EXERCISE OBJECTIVE:
Instruction for the entries that follow: retype exactly the lines from the line with "For every layout" to the line with "text с короткой", both included, and omit all others.

DATA FOR THIS TASK:
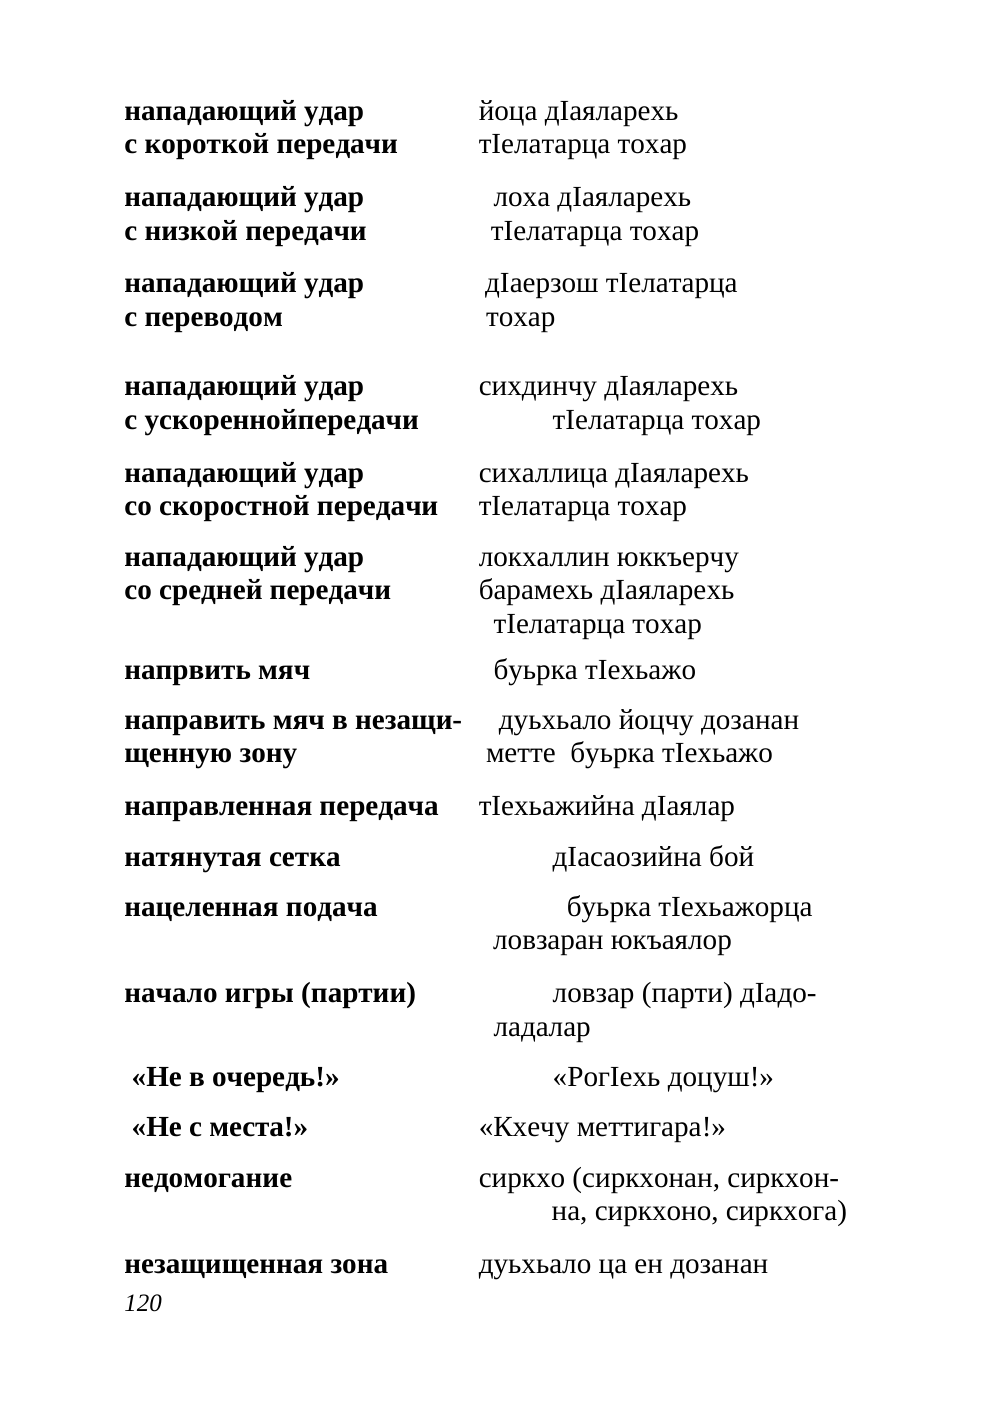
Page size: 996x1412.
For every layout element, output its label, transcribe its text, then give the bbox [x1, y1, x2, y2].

text тIелатарца тохар [124, 606, 877, 639]
text нападающий удар локхаллин юккъерчу [124, 539, 877, 572]
text натянутая сетка дIасаозийна бой [124, 839, 877, 872]
text начало игры (партии) ловзар (парти) дIадо- [124, 975, 877, 1009]
text с переводом тохар [124, 299, 877, 333]
text нападающий удар йоца дIаяларехь [124, 93, 877, 127]
text нападающий удар сихаллица дIаяларехь [124, 455, 877, 488]
text нацеленная подача буьрка тIехьажорца ловзаран юкъаялор [124, 889, 877, 956]
text напрвить мяч буьрка тIехьажо [124, 652, 877, 685]
text со средней передачи барамехь дIаяларехь [124, 572, 877, 606]
text щенную зону метте буьрка тIехьажо [124, 736, 877, 769]
text с низкой передачи тIелатарца тохар [124, 213, 877, 246]
text нападающий удар дIаерзош тIелатарца [124, 266, 877, 299]
text «Не с места!» «Кхечу меттигара!» [124, 1109, 877, 1143]
text со скоростной передачи тIелатарца тохар [124, 488, 877, 522]
text ладалар [419, 1009, 877, 1042]
text с короткой передачи тIелатарца тохар [124, 127, 877, 160]
text с ускореннойпередачи тIелатарца тохар [124, 402, 877, 436]
text направить мяч в незащи- дуьхьало йоцчу дозанан [124, 702, 877, 736]
text направленная передача тIехьажийна дIаялар [124, 788, 877, 822]
text незащищенная зона дуьхьало ца ен дозанан [124, 1246, 877, 1279]
text нападающий удар лоха дIаяларехь [124, 179, 877, 213]
text нападающий удар сихдинчу дIаяларехь [124, 368, 877, 402]
text недомогание сиркхо (сиркхонан, сиркхон- на, сиркхоно, сиркхога) [124, 1160, 877, 1227]
text «Не в очередь!» «РогIехь доцуш!» [124, 1059, 877, 1093]

OUTPUT FOR THIS EXERCISE:
For every layout element, output its label, transcribe its text, then give the bbox [x1, y1, x2, y2].

text тIелатарца тохар [124, 606, 877, 639]
text нападающий удар локхаллин юккъерчу [124, 539, 877, 572]
text натянутая сетка дIасаозийна бой [124, 839, 877, 872]
text начало игры (партии) ловзар (парти) дIадо- [124, 975, 877, 1009]
text с переводом тохар [124, 299, 877, 333]
text нападающий удар йоца дIаяларехь [124, 93, 877, 127]
text нападающий удар сихаллица дIаяларехь [124, 455, 877, 488]
text нацеленная подача буьрка тIехьажорца ловзаран юкъаялор [124, 889, 877, 956]
text напрвить мяч буьрка тIехьажо [124, 652, 877, 685]
text со средней передачи барамехь дIаяларехь [124, 572, 877, 606]
text щенную зону метте буьрка тIехьажо [124, 736, 877, 769]
text с низкой передачи тIелатарца тохар [124, 213, 877, 246]
text нападающий удар дIаерзош тIелатарца [124, 266, 877, 299]
text «Не с места!» «Кхечу меттигара!» [124, 1109, 877, 1143]
text со скоростной передачи тIелатарца тохар [124, 488, 877, 522]
text ладалар [419, 1009, 877, 1042]
text с короткой передачи тIелатарца тохар [124, 127, 877, 160]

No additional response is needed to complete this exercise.